> _Exercise inputs_
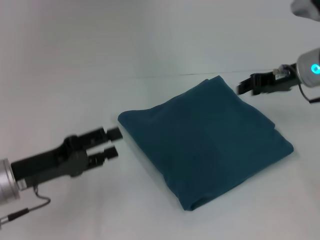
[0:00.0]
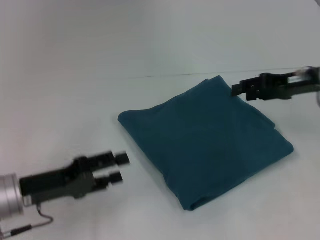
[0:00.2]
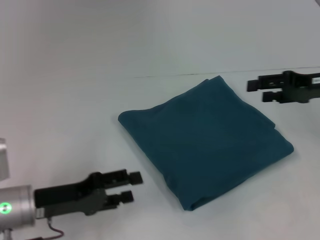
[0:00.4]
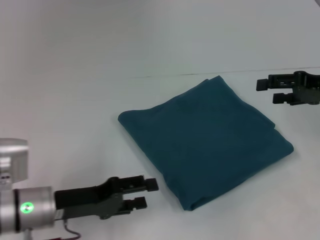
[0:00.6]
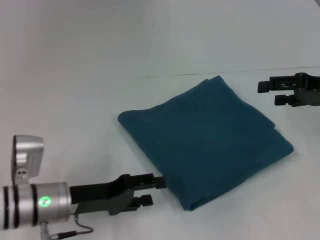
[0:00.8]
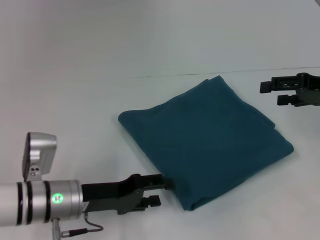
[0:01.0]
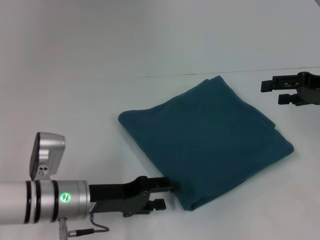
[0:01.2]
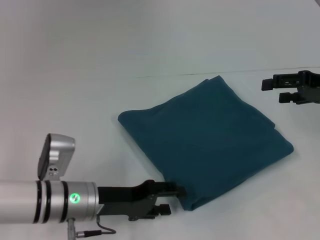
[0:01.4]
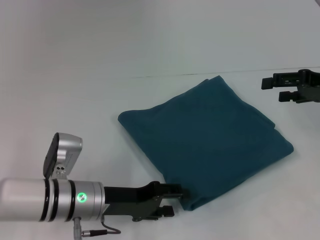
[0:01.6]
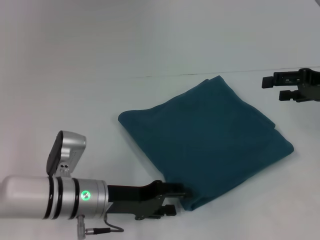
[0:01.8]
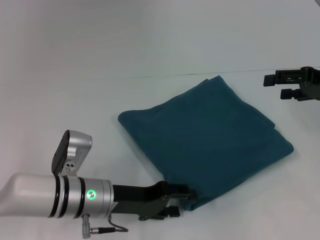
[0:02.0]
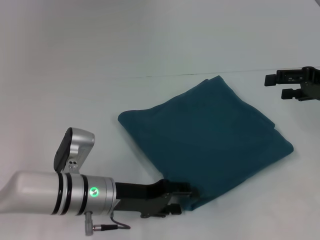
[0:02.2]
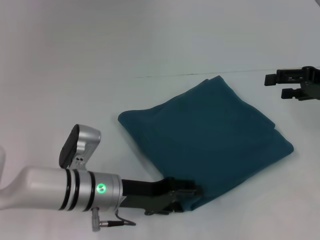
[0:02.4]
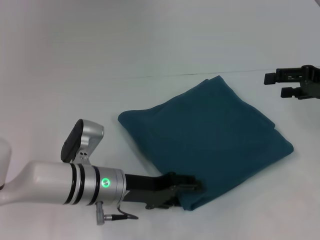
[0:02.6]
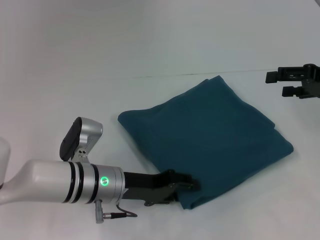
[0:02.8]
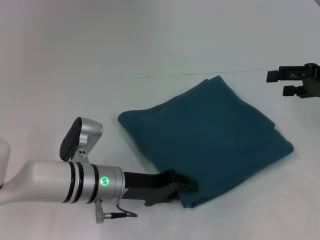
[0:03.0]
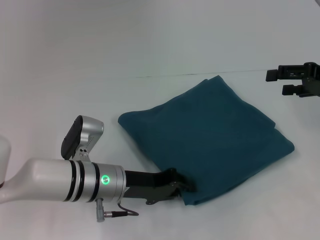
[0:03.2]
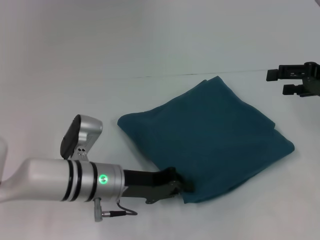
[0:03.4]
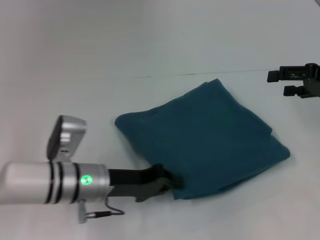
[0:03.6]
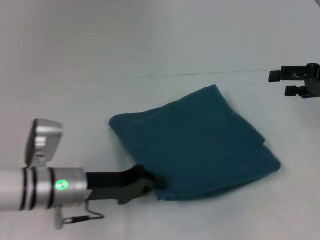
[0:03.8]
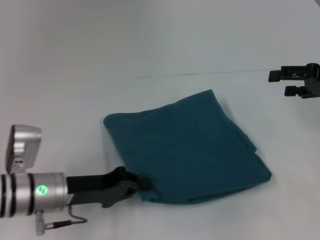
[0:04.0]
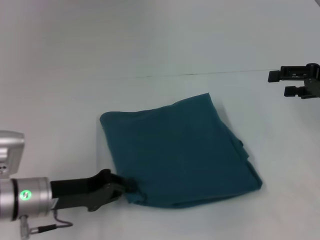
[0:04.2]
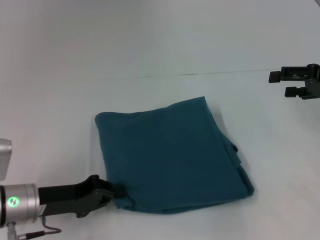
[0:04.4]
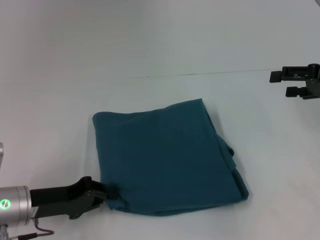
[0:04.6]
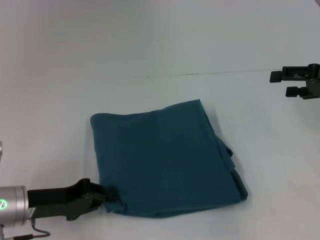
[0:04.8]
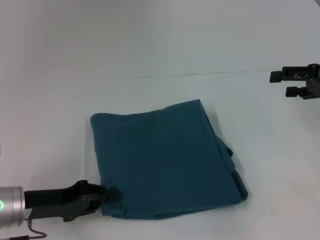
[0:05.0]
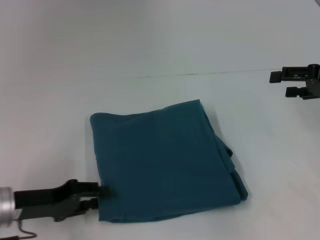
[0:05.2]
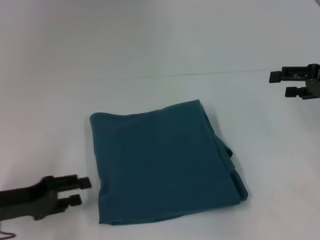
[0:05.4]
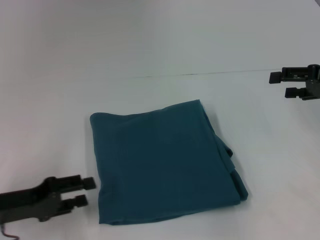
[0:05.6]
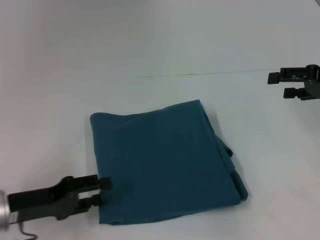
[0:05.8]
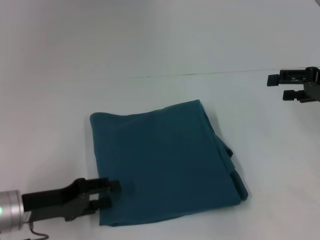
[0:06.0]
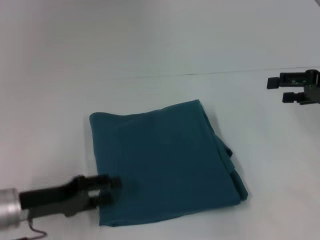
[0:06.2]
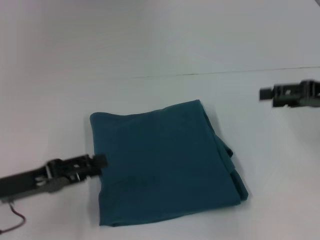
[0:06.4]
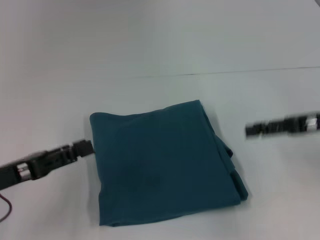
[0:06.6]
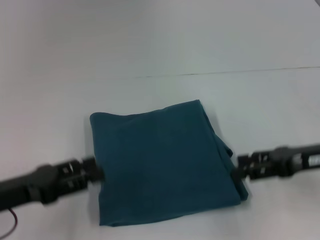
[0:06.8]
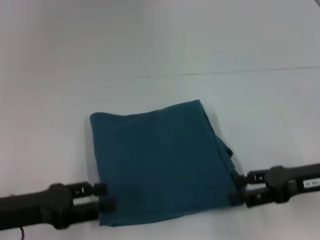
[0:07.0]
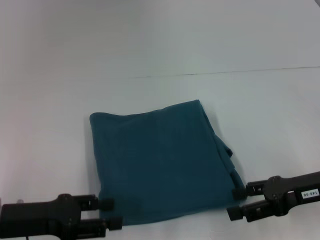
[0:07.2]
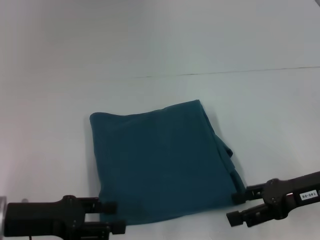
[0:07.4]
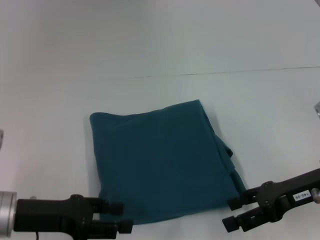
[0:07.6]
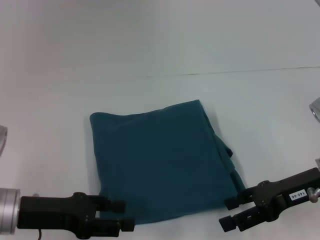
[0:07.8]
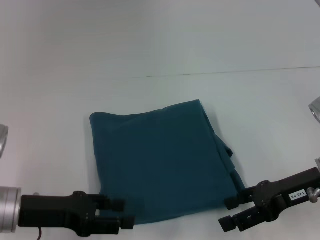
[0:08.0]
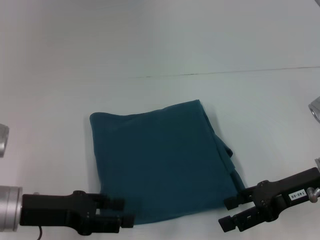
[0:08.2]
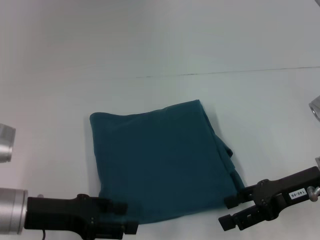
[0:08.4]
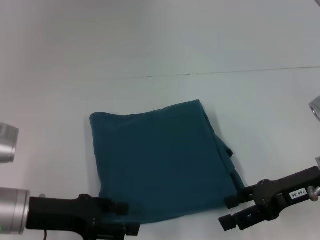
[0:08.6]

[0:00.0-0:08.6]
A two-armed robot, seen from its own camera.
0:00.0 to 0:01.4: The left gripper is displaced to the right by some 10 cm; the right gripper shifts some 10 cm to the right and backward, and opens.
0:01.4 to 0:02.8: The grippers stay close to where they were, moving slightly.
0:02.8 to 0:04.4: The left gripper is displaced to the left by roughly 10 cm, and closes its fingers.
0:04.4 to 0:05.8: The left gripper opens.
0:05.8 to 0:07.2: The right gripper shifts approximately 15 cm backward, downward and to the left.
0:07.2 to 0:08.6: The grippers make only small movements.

> _What you will do_
Write the records out again in full, exactly, and skip every picture.

> _Response box_
[0:00.0]
[0:00.2]
[0:00.4]
[0:00.6]
[0:00.8]
[0:01.0]
[0:01.2]
[0:01.4]
[0:01.6]
[0:01.8]
[0:02.0]
[0:02.2]
[0:02.4]
[0:02.6]
[0:02.8]
[0:03.0]
[0:03.2]
[0:03.4]
[0:03.6]
[0:03.8]
[0:04.0]
[0:04.2]
[0:04.4]
[0:04.6]
[0:04.8]
[0:05.0]
[0:05.2]
[0:05.4]
[0:05.6]
[0:05.8]
[0:06.0]
[0:06.2]
[0:06.4]
[0:06.6]
[0:06.8]
[0:07.0]
[0:07.2]
[0:07.4]
[0:07.6]
[0:07.8]
[0:08.0]
[0:08.2]
[0:08.4]
[0:08.6]

[0:00.0-0:08.6]
A two-armed robot, seen from its own camera.
0:00.0 to 0:01.4: The left gripper is displaced to the right by some 10 cm; the right gripper shifts some 10 cm to the right and backward, and opens.
0:01.4 to 0:02.8: The grippers stay close to where they were, moving slightly.
0:02.8 to 0:04.4: The left gripper is displaced to the left by roughly 10 cm, and closes its fingers.
0:04.4 to 0:05.8: The left gripper opens.
0:05.8 to 0:07.2: The right gripper shifts approximately 15 cm backward, downward and to the left.
0:07.2 to 0:08.6: The grippers make only small movements.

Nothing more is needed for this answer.